- **Problem to work on**
Repeat only the stretch of lines below that runs from the line with "This equation doesn't" through the line with "The continuous spectrum consists", unaltered.

- **Material provided**
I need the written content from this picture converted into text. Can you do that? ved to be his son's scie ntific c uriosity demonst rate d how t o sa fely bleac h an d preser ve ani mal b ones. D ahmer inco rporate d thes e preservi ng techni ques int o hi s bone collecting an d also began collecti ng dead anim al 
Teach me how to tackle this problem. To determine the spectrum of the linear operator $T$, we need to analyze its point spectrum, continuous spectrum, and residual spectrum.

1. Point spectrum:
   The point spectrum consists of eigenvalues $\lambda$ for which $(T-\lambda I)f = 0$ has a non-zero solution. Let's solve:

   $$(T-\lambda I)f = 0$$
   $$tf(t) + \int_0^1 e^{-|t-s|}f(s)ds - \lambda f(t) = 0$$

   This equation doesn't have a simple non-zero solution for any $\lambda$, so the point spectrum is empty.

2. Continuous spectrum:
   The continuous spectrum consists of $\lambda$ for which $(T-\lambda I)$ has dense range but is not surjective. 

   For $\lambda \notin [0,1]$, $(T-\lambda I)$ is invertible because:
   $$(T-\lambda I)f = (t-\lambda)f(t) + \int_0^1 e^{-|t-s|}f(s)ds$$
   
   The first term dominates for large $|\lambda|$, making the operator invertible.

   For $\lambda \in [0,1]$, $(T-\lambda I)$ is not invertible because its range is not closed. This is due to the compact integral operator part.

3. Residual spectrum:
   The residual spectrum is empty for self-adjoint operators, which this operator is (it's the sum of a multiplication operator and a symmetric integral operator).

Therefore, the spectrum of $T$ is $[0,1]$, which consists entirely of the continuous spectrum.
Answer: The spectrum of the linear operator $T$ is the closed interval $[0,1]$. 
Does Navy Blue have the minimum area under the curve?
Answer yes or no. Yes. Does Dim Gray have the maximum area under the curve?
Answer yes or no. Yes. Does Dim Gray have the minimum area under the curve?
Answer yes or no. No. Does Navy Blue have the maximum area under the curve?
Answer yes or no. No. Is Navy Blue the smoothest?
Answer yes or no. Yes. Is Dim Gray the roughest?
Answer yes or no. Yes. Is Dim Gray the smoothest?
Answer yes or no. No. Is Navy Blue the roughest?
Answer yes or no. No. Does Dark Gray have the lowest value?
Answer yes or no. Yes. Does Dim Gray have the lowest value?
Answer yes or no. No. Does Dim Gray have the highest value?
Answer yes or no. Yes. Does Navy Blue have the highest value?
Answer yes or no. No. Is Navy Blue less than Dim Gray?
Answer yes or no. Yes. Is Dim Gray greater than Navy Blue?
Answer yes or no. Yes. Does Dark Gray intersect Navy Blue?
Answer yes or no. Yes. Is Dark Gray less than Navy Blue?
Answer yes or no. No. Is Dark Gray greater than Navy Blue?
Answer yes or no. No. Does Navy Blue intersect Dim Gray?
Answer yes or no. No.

- **Task result**
   This equation doesn't have a simple non-zero solution for any $\lambda$, so the point spectrum is empty.

2. Continuous spectrum:
   The continuous spectrum consists of $\lambda$ for which $(T-\lambda I)$ has dense range but is not surjective. 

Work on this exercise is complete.